Additionally furstrating is that often the stats guys are pigeonholed in to this "stolen bases and defense don't matter" corner when it fact it's just a function of how much relative value they have. This manifests itself in a player like Dunn whose incredible power and plate discipline more than make up for his strikeouts and poor defense in terms of overall value. The anit-stats group will often spend a lot of time focusing on aspects on negative aspects of the player's skill set, while virtually overlooking the less heralded, but more valuable, postive skills.

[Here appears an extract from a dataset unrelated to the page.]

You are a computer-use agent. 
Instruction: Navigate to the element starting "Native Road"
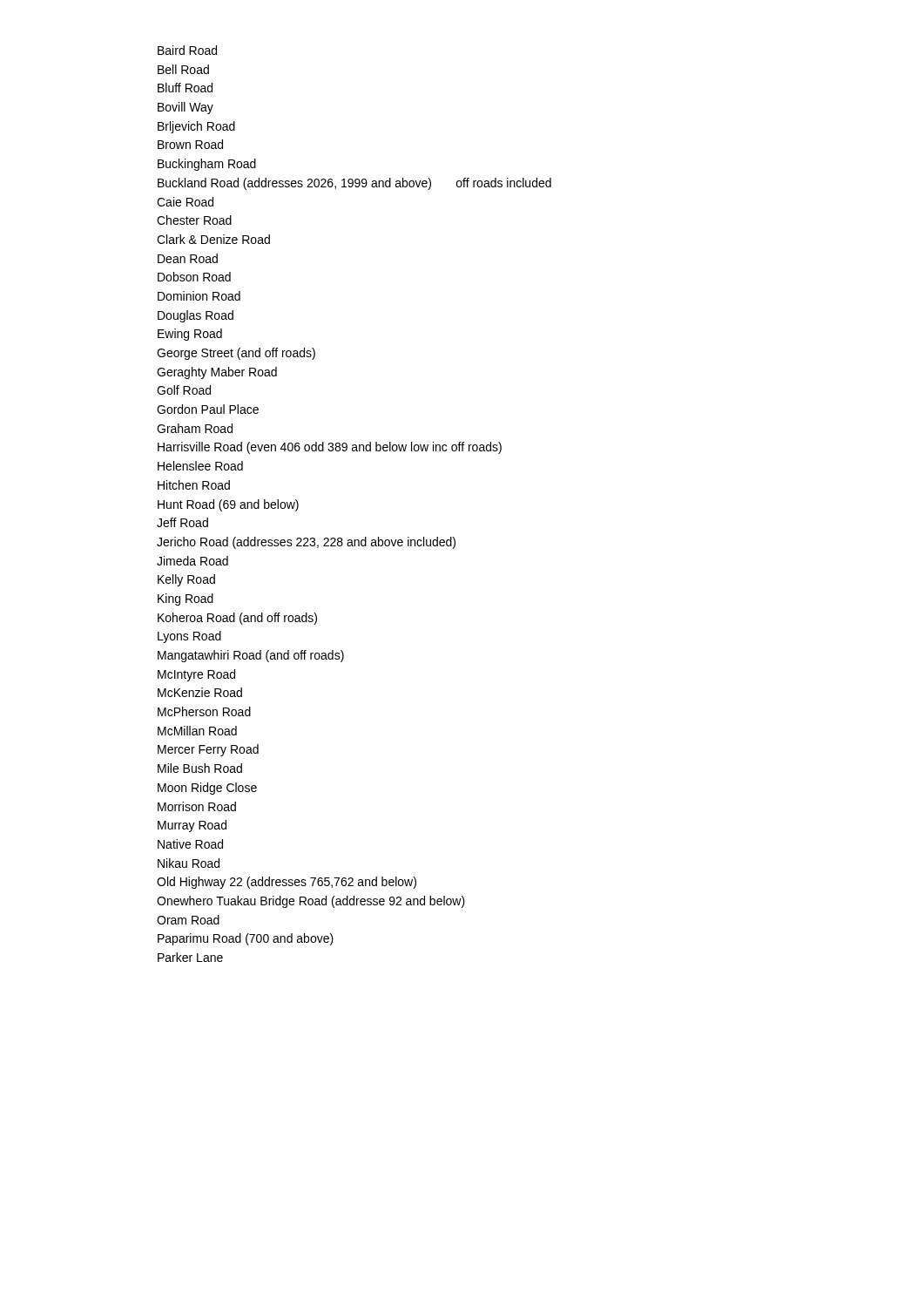(190, 844)

The inverse is also true. A guy like Tony Womack may be lauded for his speed and versitility when at the end of the day, his near complete inability to avoid outs completely dominates those positives. He could steal 100 bases and if he had a .290 OBP, Kevin Youkilis would still be more valuable. Yet many would consider Womack an all-star.

An interesting question to pose for various media members... If Adam Dunn reduced the number of strikeouts AND walks by 50%, would he be more or less valuable? I can guess who would answer what...

04-21-2006, 02:46 PM
I was told there would be no math here. ;)
Break out the pocket calculators.

04-21-2006, 02:49 PM
Thanks, I'll check that out Raisor.

Here's a link:


It's based on a min of 100 PA's w/RISP last season.

Dunn ranks 7th in the NL in RC/27 (which essentially equalizes PA's)

He was 9th in the NL in gross RC's w/RISP, while finishing 15th in total PA's w/RISP.

04-21-2006, 02:50 PM
Nice work, Buck.

One of the things "stat guys" like me tend to do is focus on the big picture and try to evaluate the total ballplayer. Little things matter, but there's a reason they're called little things and not big things. Nonetheless, there are little things, and one can believe Dunn is the most productive player on the team while not necessarily making him the first choice to be at the plate in every situation.

One of the more interesting article series I read on Baseball Prospectus last year had to do with "one-run value yield" -- essentially, an analysis of when to switch from macro to micro view, when the typical strategies of maximizing run-scoring potential should yield to the need to get across a single run. And I'll agree, in a pure littleball situation where the runner on third is the ballgame, Dunn is not the ideal guy to have at the plate. His contact rate is low and the walks he draws may not be of real benefit in that situation, depending on what bases are empty. Oddly enough, that's a situation where he's probably going to be pitched around anyway. But the situations where his walks and power add no extra value are rare enough that they're not really worth worrying about in the big picture.

04-21-2006, 04:49 PM
Break out the pocket calculators.

Mine's a SHARP elsi mate EL-233S

Just sayin.

04-21-2006, 04:58 PM
Mine's a SHARP elsi mate EL-233S

Just sayin.

I like my TI-85, but having MATLAB on my computer kicks butt.
Just saying.;)

04-21-2006, 05:38 PM
Mine's a SHARP elsi mate EL-233S

Just sayin.
Calculator of champions

04-21-2006, 05:43 PM

04-21-2006, 06:03 PM
If a key to creating runs is avoiding outs, would not creating outs for your opponent (defense) be equally important in winning a baseball game?

04-21-2006, 06:07 PM
Of course it is. No one has ever argued otherwise. I think I know what you're getting at, but the difference between good hitters and bad hitters as it relates to outs avoided is significantly larger than the difference between good fielders and bad fielders and the number of extra outs given to the other team.